### AIM OF THE TASK:
If an entry holds a picture, leave the picture out and copy the rest exactly.
=======
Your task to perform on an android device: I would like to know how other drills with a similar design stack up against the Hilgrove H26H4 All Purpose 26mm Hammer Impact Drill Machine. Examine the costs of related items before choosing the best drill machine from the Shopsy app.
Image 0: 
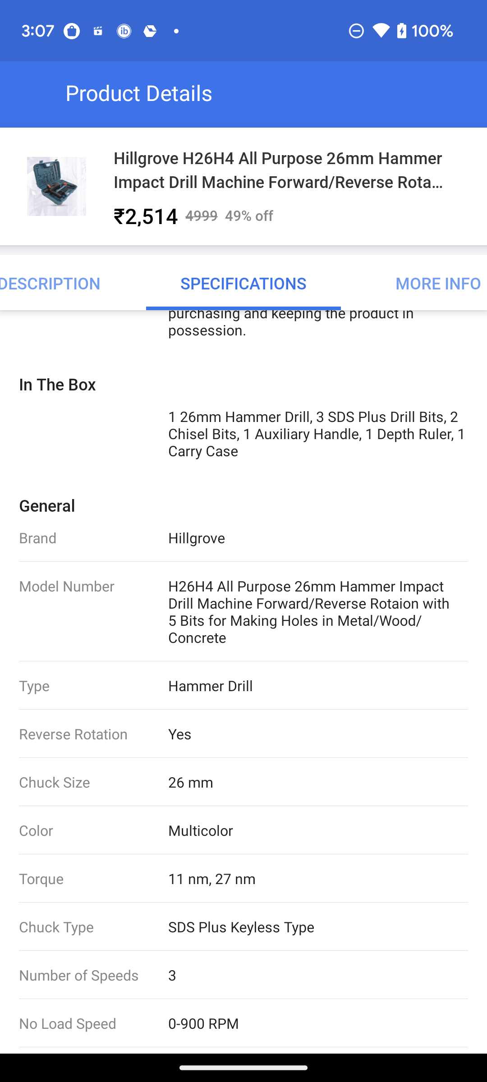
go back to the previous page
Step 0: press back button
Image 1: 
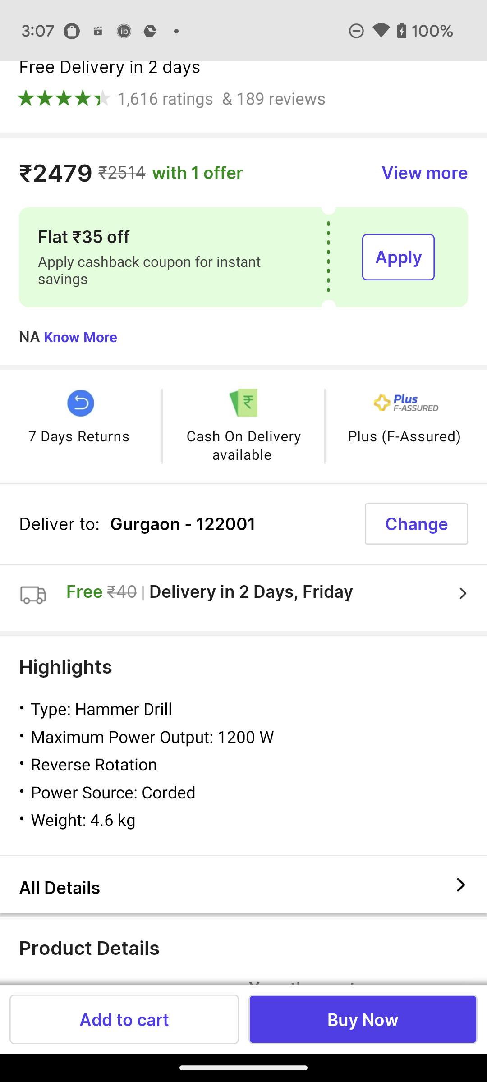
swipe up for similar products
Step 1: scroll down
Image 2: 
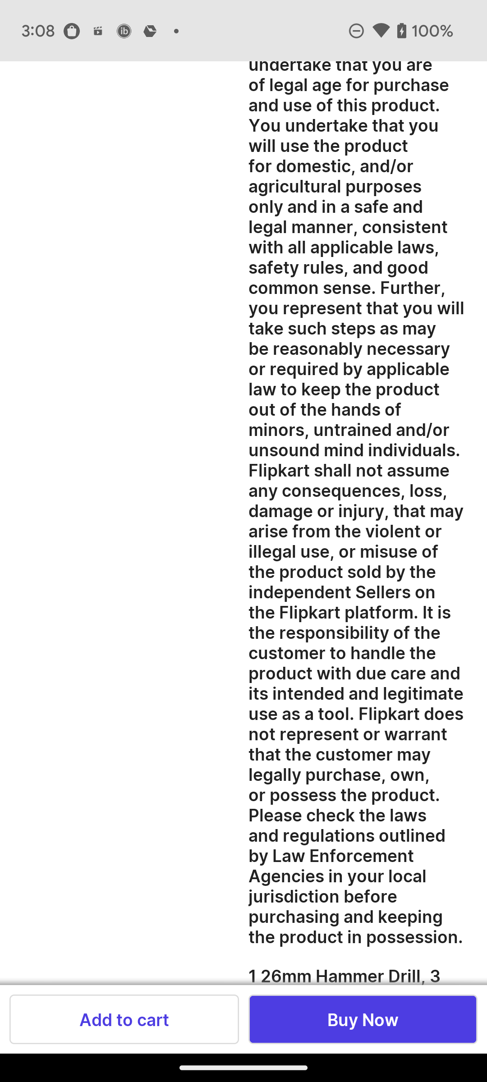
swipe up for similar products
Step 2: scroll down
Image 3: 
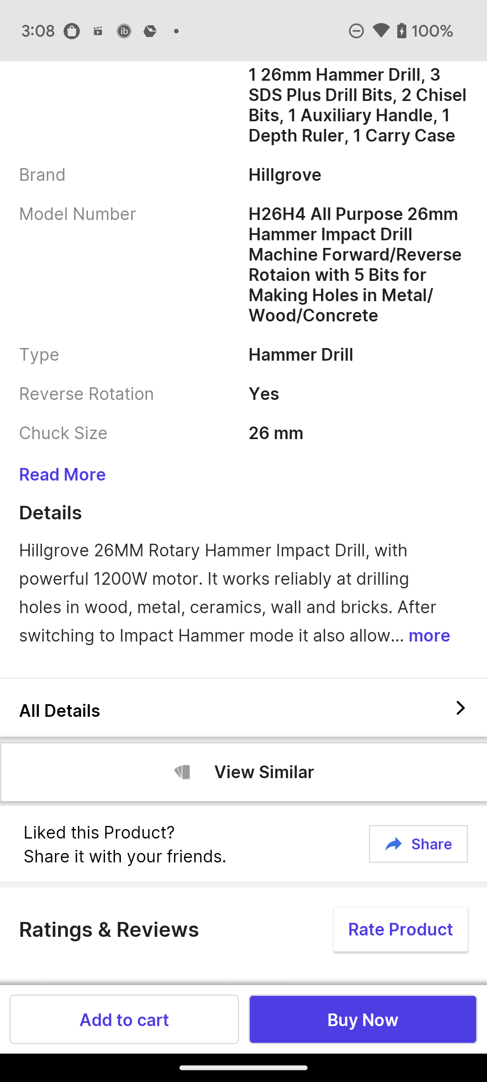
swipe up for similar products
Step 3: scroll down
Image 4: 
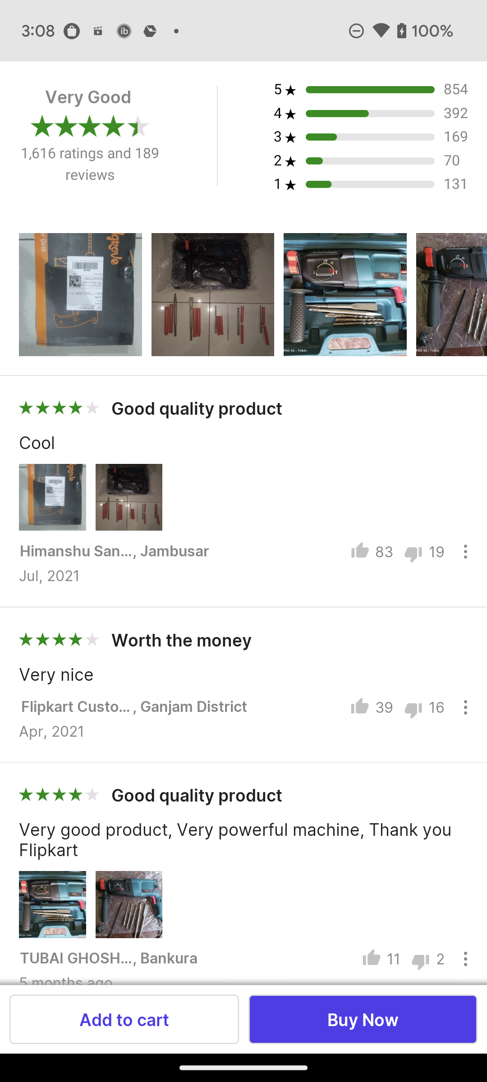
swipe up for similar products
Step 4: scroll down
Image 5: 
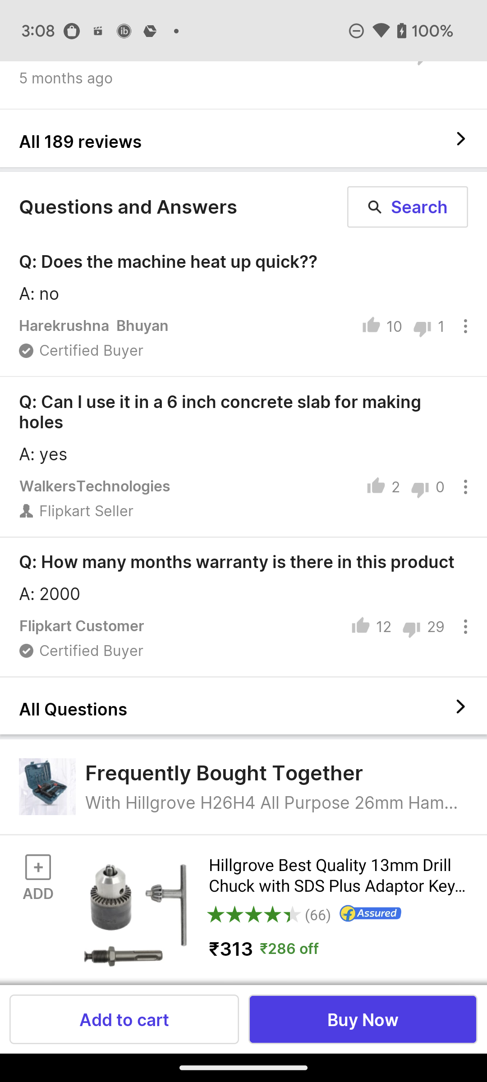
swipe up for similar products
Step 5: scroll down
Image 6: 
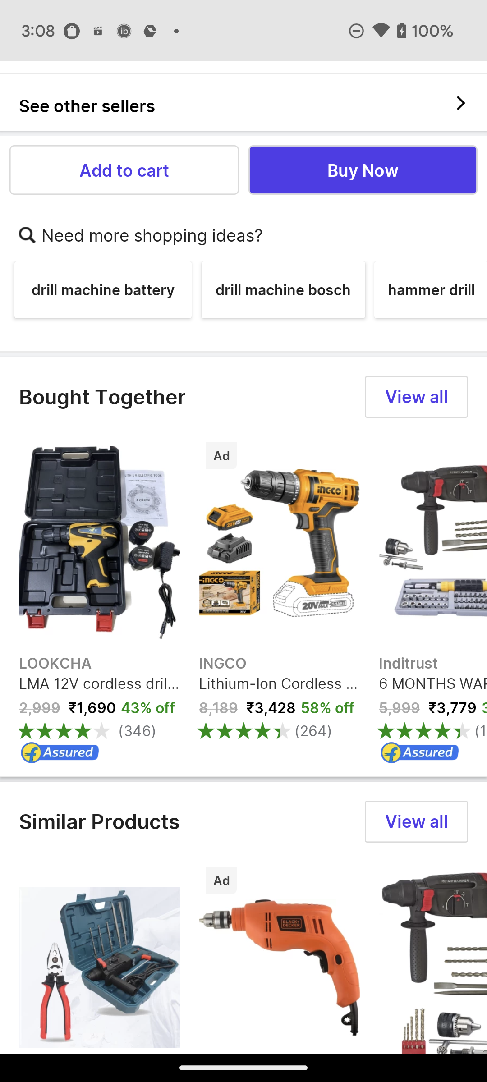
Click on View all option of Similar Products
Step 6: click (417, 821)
=======
### SOLUTION FOR THIS TASK:
Your task to perform on an android device: I would like to know how other drills with a similar design stack up against the Hilgrove H26H4 All Purpose 26mm Hammer Impact Drill Machine. Examine the costs of related items before choosing the best drill machine from the Shopsy app.
Image 0: 
go back to the previous page
Step 0: press back button
Image 1: 
swipe up for similar products
Step 1: scroll down
Image 2: 
swipe up for similar products
Step 2: scroll down
Image 3: 
swipe up for similar products
Step 3: scroll down
Image 4: 
swipe up for similar products
Step 4: scroll down
Image 5: 
swipe up for similar products
Step 5: scroll down
Image 6: 
Click on View all option of Similar Products
Step 6: click (417, 821)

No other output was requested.